Accelerated diffusion models hold the potential to significantly enhance the efficiency of standard diffusion processes. Theoretically, these models have been shown to achieve faster convergence rates than the standard $\mathcal O(1/\epsilon^2)$ rate of vanilla diffusion models, where $\epsilon$ denotes the target accuracy. However, current theoretical studies have established the acceleration advantage only for restrictive target distribution classes, such as those with smoothness conditions imposed along the entire sampling path or with bounded support. In this work, we significantly broaden the target distribution classes with a new accelerated stochastic DDPM sampler. In particular, we show that it achieves accelerated performance for three broad distribution classes not considered before. Our first class relies on the smoothness condition posed only to the target density $q_0$, which is far more relaxed than the existing smoothness conditions posed to all $q_t$ along the entire sampling path. Our second class requires only a finite second moment condition, allowing for a much wider class of target distributions than the existing finite-support condition. Our third class is Gaussian mixture, for which our result establishes the first acceleration guarantee. Moreover, among accelerated DDPM type samplers, our results specialized for bounded-support distributions show an improved dependency on the data dimension $d$. Our analysis introduces a novel technique for establishing performance guarantees via constructing a tilting factor representation of the convergence error and utilizing Tweedie's formula to handle Taylor expansion terms.
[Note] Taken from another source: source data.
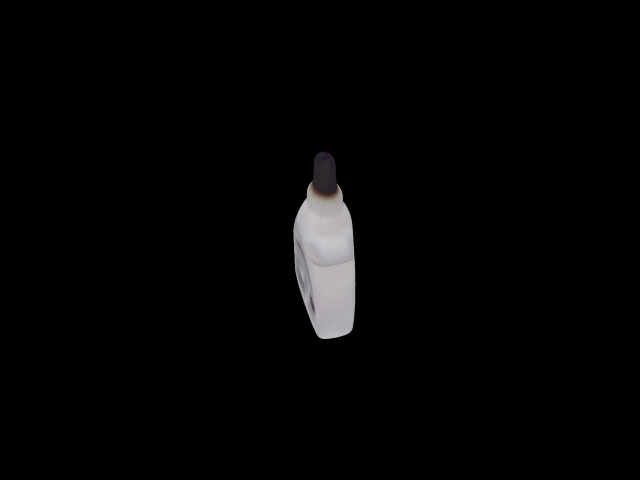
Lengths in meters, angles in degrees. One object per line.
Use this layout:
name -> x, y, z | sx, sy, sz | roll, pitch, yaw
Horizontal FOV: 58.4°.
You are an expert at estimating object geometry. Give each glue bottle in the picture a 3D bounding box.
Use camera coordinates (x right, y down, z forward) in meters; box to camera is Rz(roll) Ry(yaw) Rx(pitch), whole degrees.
glue bottle -> 0.004, 0.001, 0.400 | 0.037, 0.173, 0.078 | -14, 57, -8
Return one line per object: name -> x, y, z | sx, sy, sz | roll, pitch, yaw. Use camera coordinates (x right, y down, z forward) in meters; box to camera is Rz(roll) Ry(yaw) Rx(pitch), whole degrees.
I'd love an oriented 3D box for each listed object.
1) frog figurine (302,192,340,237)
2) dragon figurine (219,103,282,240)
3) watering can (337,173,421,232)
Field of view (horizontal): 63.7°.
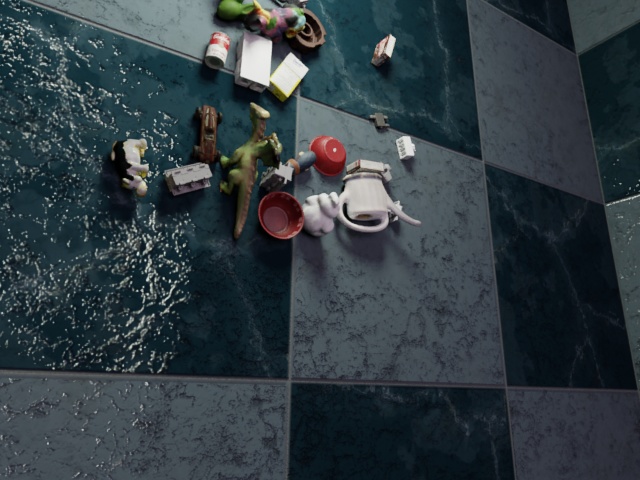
frog figurine -> 0.005, -0.086, 1.709 | 0.124, 0.157, 0.138 | -20, 87, -35
dragon figurine -> -0.200, -0.223, 1.576 | 0.122, 0.240, 0.416 | 8, 68, -37
watering can -> 0.207, -0.137, 1.886 | 0.348, 0.102, 0.227 | -1, 75, -25
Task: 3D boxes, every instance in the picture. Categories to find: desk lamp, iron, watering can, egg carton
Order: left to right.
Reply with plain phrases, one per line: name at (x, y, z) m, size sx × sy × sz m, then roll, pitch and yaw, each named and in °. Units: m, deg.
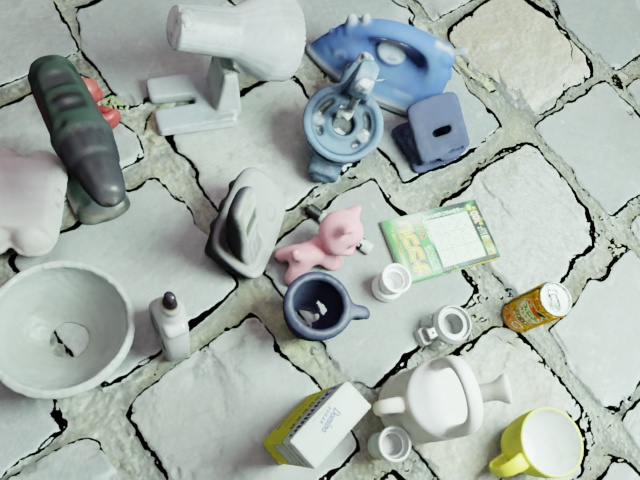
egg carton at (-0.391, -0.049, 0.747) m, size 0.107 × 0.069 × 0.150 m, roll 2°, pitch 68°, yaw -14°
desk lamp at (-0.139, -0.253, 0.818) m, size 0.204 × 0.213 × 0.118 m, roll -14°, pitch 72°, yaw -20°
iron at (0.111, -0.312, 0.949) m, size 0.258 × 0.141 × 0.119 m, roll 19°, pitch 65°, yaw -7°
watering can at (0.157, 0.198, 0.723) m, size 0.173 × 0.194 × 0.101 m, roll -26°, pitch 77°, yaw -23°

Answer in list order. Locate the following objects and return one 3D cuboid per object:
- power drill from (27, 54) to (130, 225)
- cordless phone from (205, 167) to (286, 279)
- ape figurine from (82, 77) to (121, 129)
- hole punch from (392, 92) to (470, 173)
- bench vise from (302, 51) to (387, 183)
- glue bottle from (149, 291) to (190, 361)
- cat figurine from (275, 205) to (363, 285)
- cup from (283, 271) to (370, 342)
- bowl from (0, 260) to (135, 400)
power drill at (-0.292, -0.104, 0.718) m, size 0.076 × 0.208 × 0.229 m, roll -24°, pitch 76°, yaw -22°
cordless phone at (-0.090, -0.041, 0.760) m, size 0.094 × 0.185 × 0.147 m, roll 19°, pitch 65°, yaw -7°
ape figurine at (-0.327, -0.193, 0.810) m, size 0.076 × 0.092 × 0.078 m, roll -36°, pitch 81°, yaw -25°
hole punch at (0.192, -0.178, 0.944) m, size 0.109 × 0.091 × 0.101 m, roll -23°, pitch 76°, yaw -22°
bench vise at (0.038, -0.214, 0.846) m, size 0.122 × 0.219 × 0.207 m, roll 5°, pitch 67°, yaw -13°
glue bottle at (-0.179, 0.093, 0.687) m, size 0.037 × 0.173 × 0.078 m, roll -20°, pitch 74°, yaw -21°
cat figurine at (0.007, 0.003, 0.805) m, size 0.128 × 0.117 × 0.067 m, roll -24°, pitch 76°, yaw -22°
cup at (0.001, 0.101, 0.776) m, size 0.118 × 0.095 × 0.091 m, roll 9°, pitch 66°, yaw -11°
bowl at (-0.312, 0.113, 0.698) m, size 0.168 × 0.074 × 0.167 m, roll 5°, pitch 67°, yaw -13°
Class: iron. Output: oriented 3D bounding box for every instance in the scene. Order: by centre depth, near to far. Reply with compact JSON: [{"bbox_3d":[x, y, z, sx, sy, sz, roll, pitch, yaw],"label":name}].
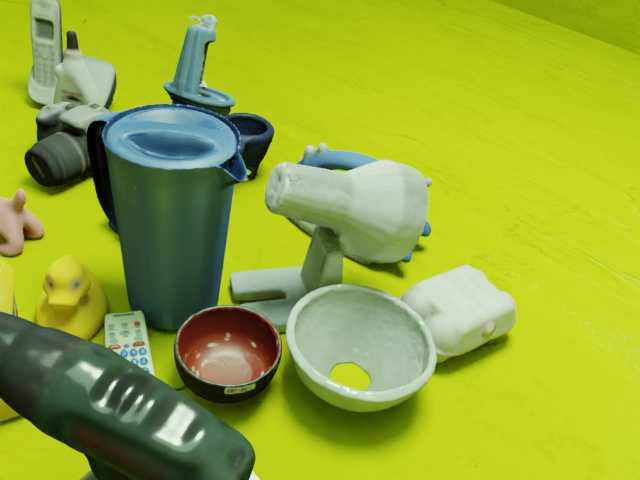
[{"bbox_3d":[0.042,-0.073,0.844,0.257,0.141,0.119,25,40,17],"label":"iron"}]

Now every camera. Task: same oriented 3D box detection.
[{"bbox_3d":[-0.381,-0.148,0.861,0.143,0.101,0.137,24,39,16],"label":"camera"}]

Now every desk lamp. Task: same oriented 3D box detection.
[{"bbox_3d":[0.006,0.002,0.680,0.204,0.213,0.117,-4,40,-19],"label":"desk lamp"}]

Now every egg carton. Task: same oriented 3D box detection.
[{"bbox_3d":[0.173,0.093,0.727,0.151,0.069,0.107,-17,46,-32],"label":"egg carton"}]

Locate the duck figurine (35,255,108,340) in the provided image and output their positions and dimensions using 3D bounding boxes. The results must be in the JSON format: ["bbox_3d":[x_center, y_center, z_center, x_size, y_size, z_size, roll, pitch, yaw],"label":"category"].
[{"bbox_3d":[-0.280,0.055,0.641,0.077,0.086,0.104,2,39,-12],"label":"duck figurine"}]

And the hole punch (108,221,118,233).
[{"bbox_3d":[-0.228,-0.051,0.786,0.108,0.091,0.101,27,40,19],"label":"hole punch"}]

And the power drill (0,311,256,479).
[{"bbox_3d":[-0.164,0.163,0.434,0.229,0.208,0.076,18,38,8],"label":"power drill"}]

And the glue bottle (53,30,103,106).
[{"bbox_3d":[-0.398,-0.255,0.934,0.078,0.173,0.037,9,38,-4],"label":"glue bottle"}]

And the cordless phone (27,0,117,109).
[{"bbox_3d":[-0.434,-0.319,0.996,0.147,0.185,0.094,10,37,-2],"label":"cordless phone"}]

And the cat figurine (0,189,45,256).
[{"bbox_3d":[-0.422,-0.054,0.717,0.127,0.118,0.067,15,38,5],"label":"cat figurine"}]

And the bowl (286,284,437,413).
[{"bbox_3d":[0.040,0.130,0.640,0.167,0.075,0.167,7,38,-6],"label":"bowl"}]

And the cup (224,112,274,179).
[{"bbox_3d":[-0.125,-0.139,0.923,0.091,0.095,0.117,9,38,-3],"label":"cup"}]

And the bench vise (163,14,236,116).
[{"bbox_3d":[-0.204,-0.237,0.925,0.121,0.220,0.207,11,37,0],"label":"bench vise"}]
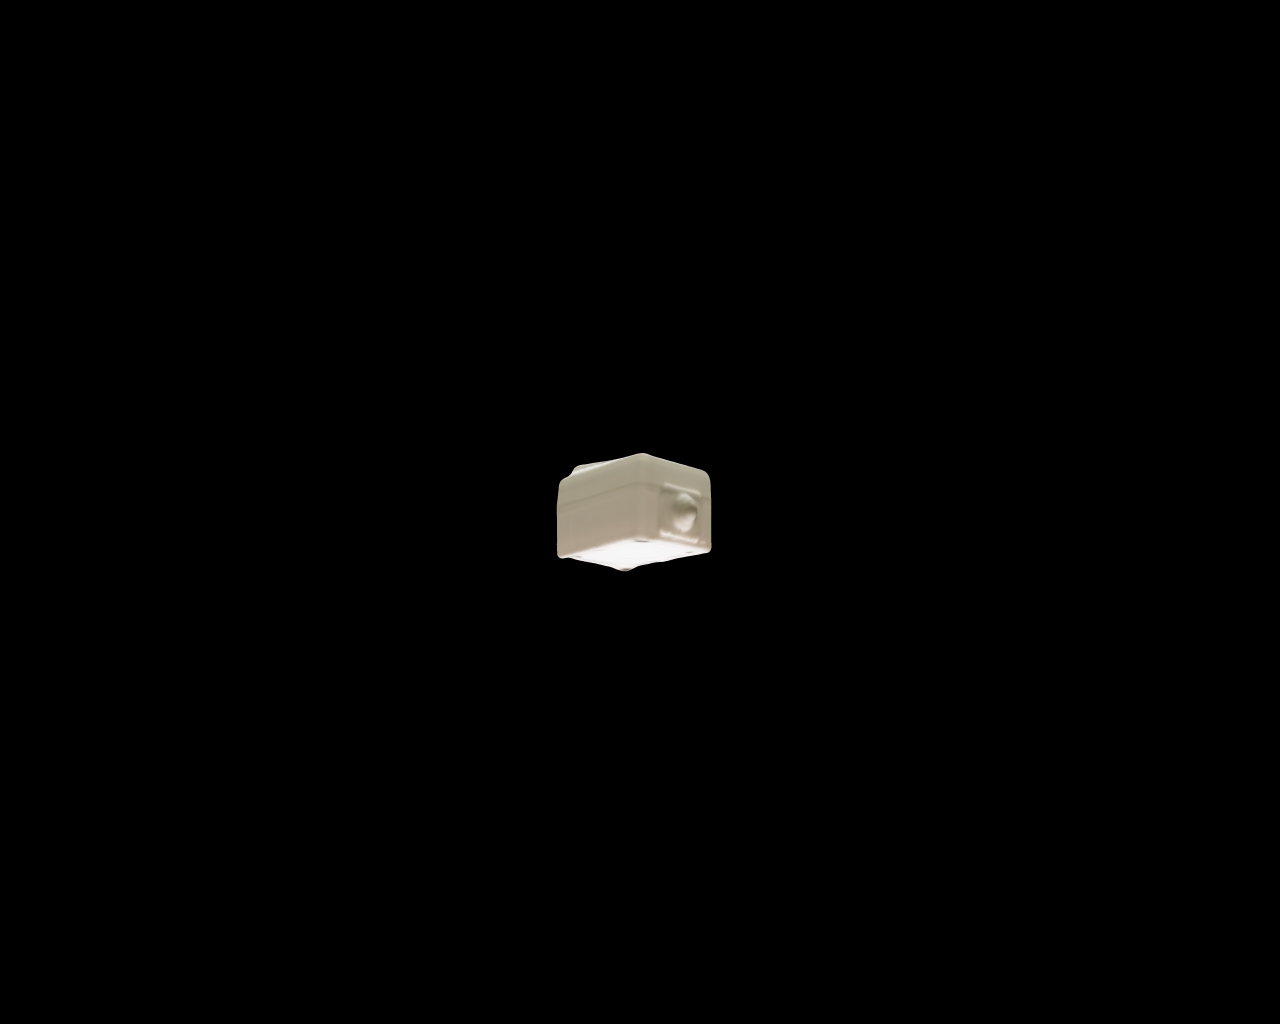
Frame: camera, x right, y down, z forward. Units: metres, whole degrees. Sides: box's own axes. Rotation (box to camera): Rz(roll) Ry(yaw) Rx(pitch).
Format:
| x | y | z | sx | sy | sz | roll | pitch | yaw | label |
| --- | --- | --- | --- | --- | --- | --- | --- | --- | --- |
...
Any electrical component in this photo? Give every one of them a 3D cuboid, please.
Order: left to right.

This new analytical framework may be of independent interest.

翻译：加速扩散模型具有显著提升标准扩散过程效率的潜力。理论上，这些模型已被证明能够实现比标准扩散模型$\mathcal O(1/\epsilon^2)$更快的收敛速率，其中$\epsilon$表示目标精度。然而，当前的理论研究仅在受限的目标分布类别中确立了加速优势，例如在整个采样路径上施加平滑性条件或具有有界支撑的分布类别。在本工作中，我们通过一种新的加速随机DDPM采样器显著扩展了目标分布类别。具体而言，我们证明了该采样器在三个先前未被考虑的广泛分布类别中实现了加速性能。我们的第一类分布仅要求目标密度$q_0$满足平滑性条件，这比现有要求整个采样路径上所有$q_t$均满足平滑性的条件更为宽松。第二类分布仅需有限二阶矩条件，相比现有的有限支撑条件，允许更广泛的目标分布类别。第三类分布为高斯混合分布，我们的结果为此建立了首个加速保证。此外，在针对有界支撑分布的特化结果中，我们的分析显示出对数据维度$d$依赖关系的改进。我们的分析引入了一种新技术，通过构建收敛误差的倾斜因子表示并利用Tweedie公式处理泰勒展开项来建立性能保证。这一新的分析框架可能具有独立的研究价值。